What Are the Treatments for Aggressive Behavior?
Little boy pulling little girl's ponytail. Photo Credit pyotr021/iStock/Getty Images

Overview

The Society for Neuroscience states that aggression is a "complex social behavior" and can be divided into three categories: predatory aggression, social aggression and defensive aggression. A person with predatory or social aggression seeks out a target, while defensive aggression is a response. Aggressive behavior may be part of another condition, such as a mood or anxiety disorder, and needs to be treated to prevent an outburst of violence.

Behavioral Therapy

The National Fragile X Foundation states that a patient with aggressive behavior has poor impulse control.
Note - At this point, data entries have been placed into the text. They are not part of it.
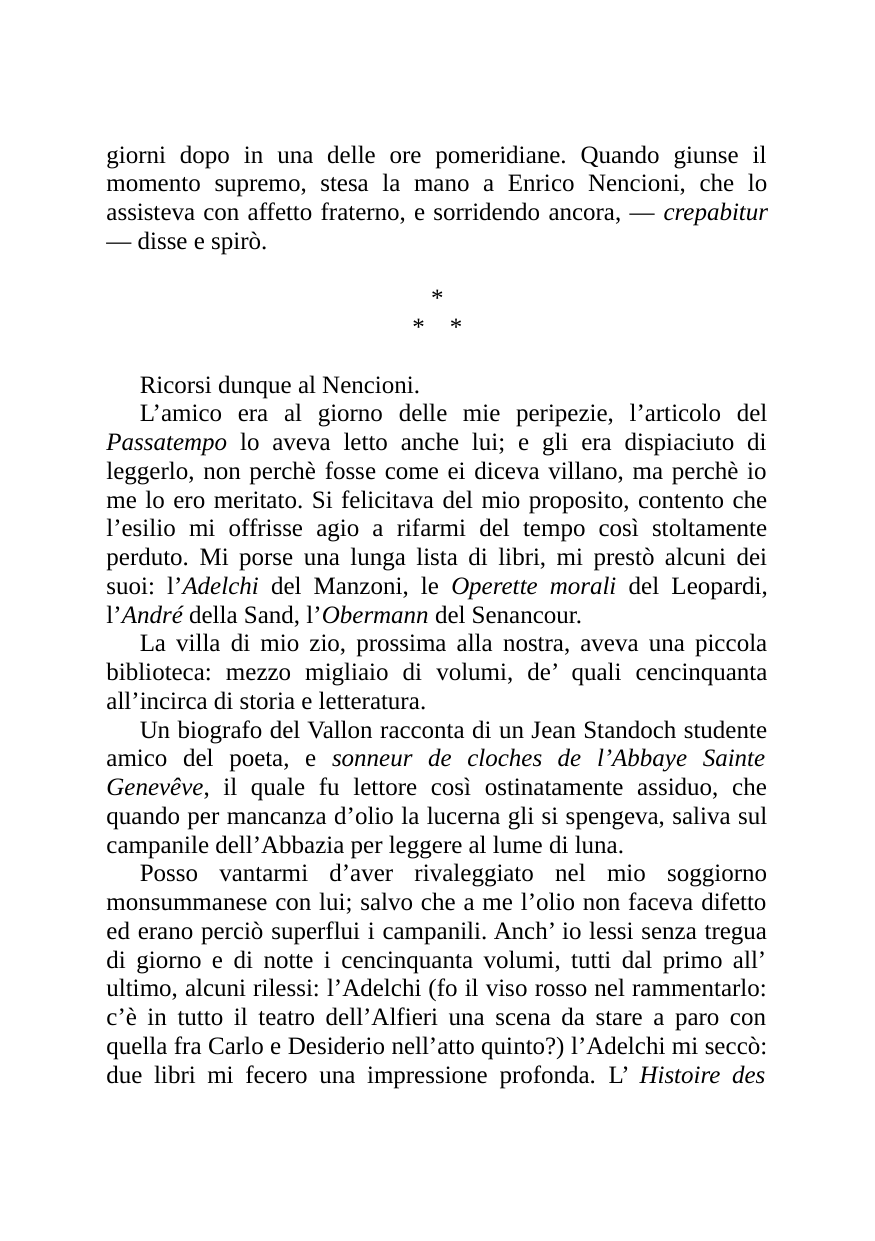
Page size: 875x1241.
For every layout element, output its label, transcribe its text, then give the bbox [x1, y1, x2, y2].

text Posso vantarmi d’aver rivaleggiato nel mio soggiorno monsummanese con lui; salvo che a me l’olio non faceva difetto ed erano perciò superflui i campanili. Anch’ io lessi senza tregua di giorno e di notte i cencinquanta volumi, tutti dal primo all’ ultimo, alcuni rilessi: l’Adelchi (fo il viso rosso nel rammentarlo: c’è in tutto il teatro dell’Alfieri una scena da stare a paro con quella fra Carlo e Desiderio nell’atto quinto?) l’Adelchi mi seccò: due libri mi fecero una impressione profonda. L’ Histoire des [106, 858, 768, 1088]
text L’amico era al giorno delle mie peripezie, l’articolo del Passatempo lo aveva letto anche lui; e gli era dispiaciuto di leggerlo, non perchè fosse come ei diceva villano, ma perchè io me lo ero meritato. Si felicitava del mio proposito, contento che l’esilio mi offrisse agio a rifarmi del tempo così stoltamente perduto. Mi porse una lunga lista di libri, mi prestò alcuni dei suoi: l’Adelchi del Manzoni, le Operette morali del Leopardi, l’André della Sand, l’Obermann del Senancour. [106, 398, 768, 628]
text La villa di mio zio, prossima alla nostra, aveva una piccola biblioteca: mezzo migliaio di volumi, de’ quali cencinquanta all’incirca di storia e letteratura. [106, 628, 768, 715]
text giorni dopo in una delle ore pomeridiane. Quando giunse il momento supremo, stesa la mano a Enrico Nencioni, che lo assisteva con affetto fraterno, e sorridendo ancora, — crepabitur — disse e spirò. [106, 140, 768, 255]
text Ricorsi dunque al Nencioni. [106, 370, 768, 398]
text * * [106, 312, 768, 341]
text Un biografo del Vallon racconta di un Jean Standoch studente amico del poeta, e sonneur de cloches de l’Abbaye Sainte Genevêve, il quale fu lettore così ostinatamente assiduo, che quando per mancanza d’olio la lucerna gli si spengeva, saliva sul campanile dell’Abbazia per leggere al lume di luna. [106, 715, 768, 858]
text * [106, 283, 768, 312]
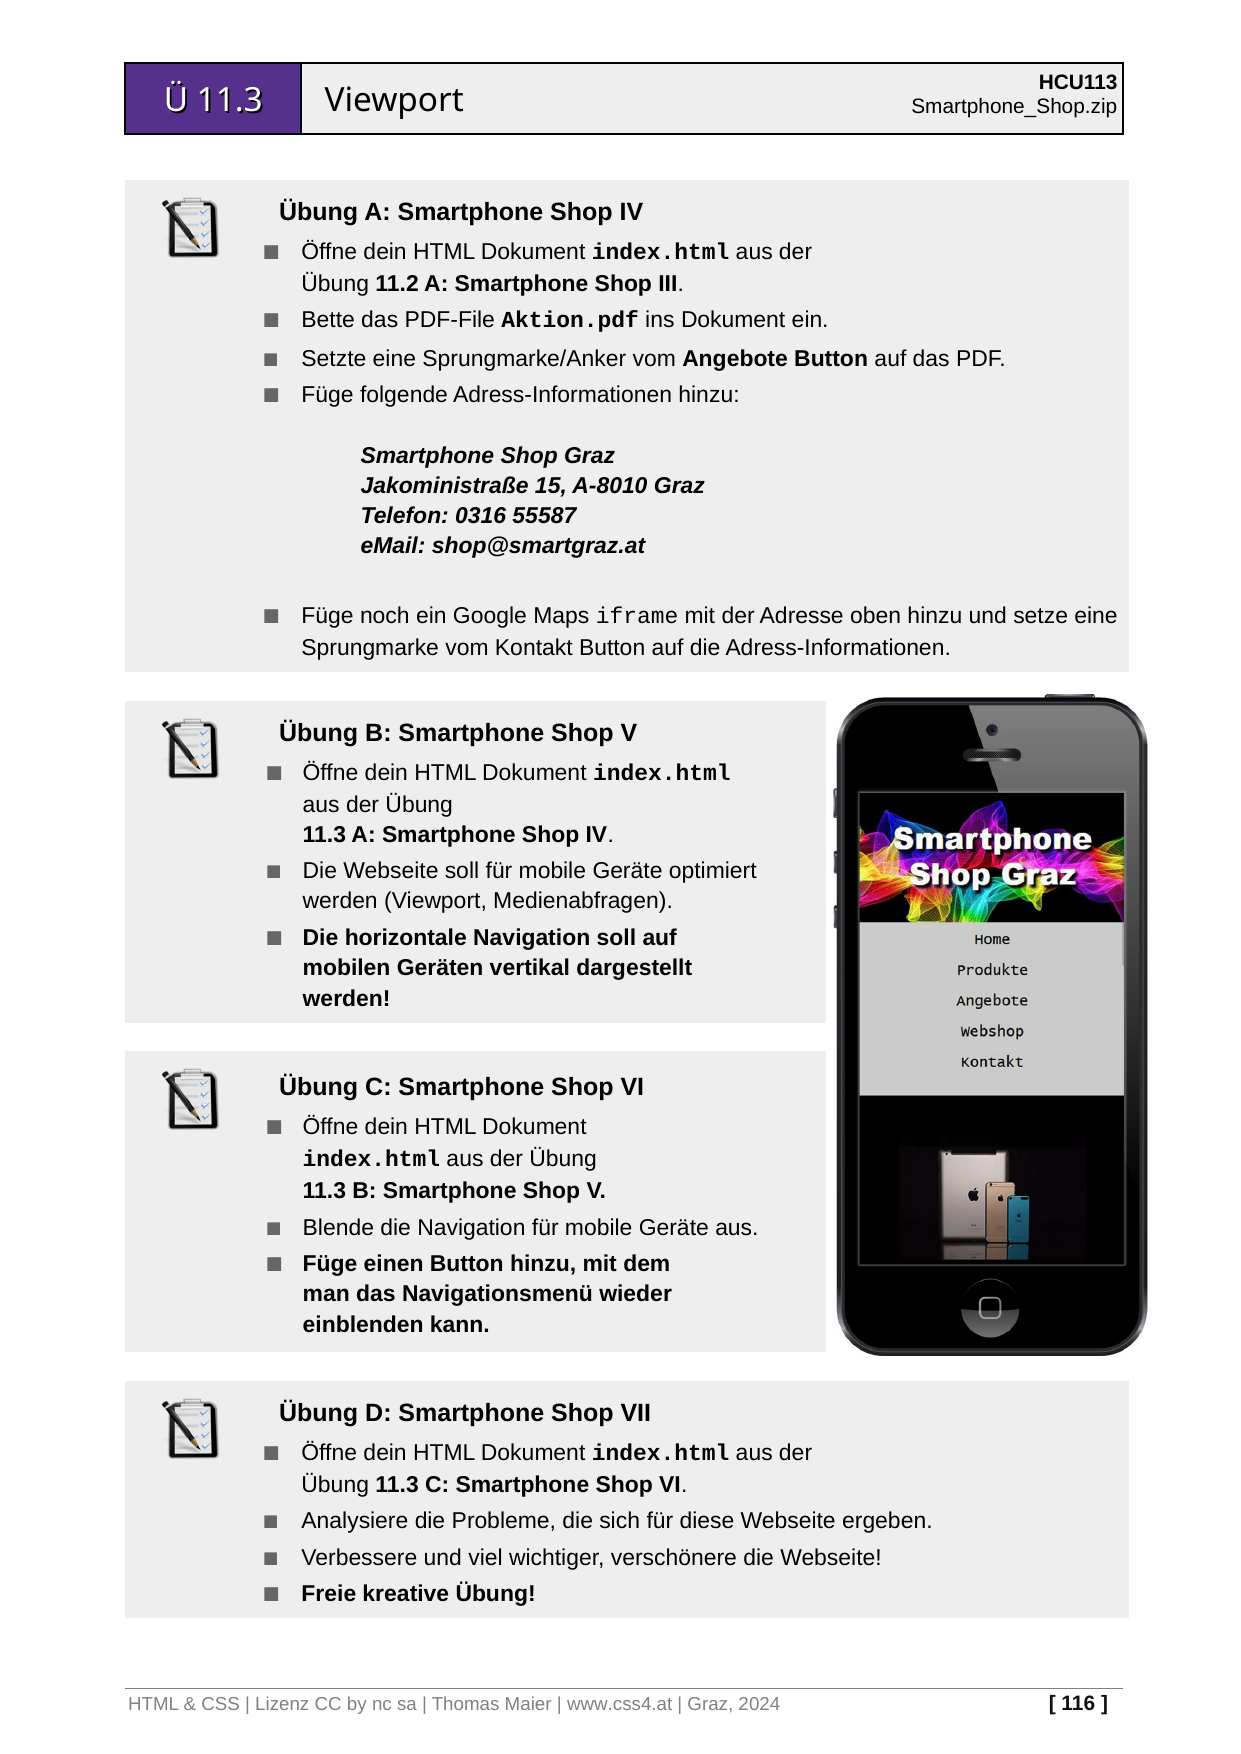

Behavioral therapy works by finding the cause of the aggressive behavior and then teaching the patient how to control the impulses that lead to these behaviors. This type of therapy also helps the patient identify the triggers of the aggression so that she can avoid them. The therapist may use role play to teach the patient the consequences of her behaviors, especially if the patient is a child.

Medication

Medication can reduce severity of the impulses, which can stop the aggressive behavior. The medications for aggression target neurotransmitters, such as gamma-aminobutyric acid, dopamine and serotonin. The Society of Neuroscience notes that risperidone, a medication used to treat schizophrenia, has been used to treat the aggressive behavior in juvenile conduct disorder. A patient with juvenile conduct disorder directs his aggression at people and animals with abuse and inanimate objects through vandalism. When given risperidone, patients with juvenile conduct disorder exhibit improved behavior after seven weeks.

Other Interventions

The National Fragile X Foundation adds that changing the patient's environment can help manage the aggressive behavior. For example, if the patient is in school, she can benefit from having a seat in the back of the room that is close to the door; therefore, if she has an outburst, she can excuse herself. A structured classroom setting that allows the patient to have breaks and additional processing time can help her manage her symptoms. Physical activity can be an outlet for the patient. Limiting noises, avoiding crowded areas and exposure to natural light can also decrease aggressive behavior.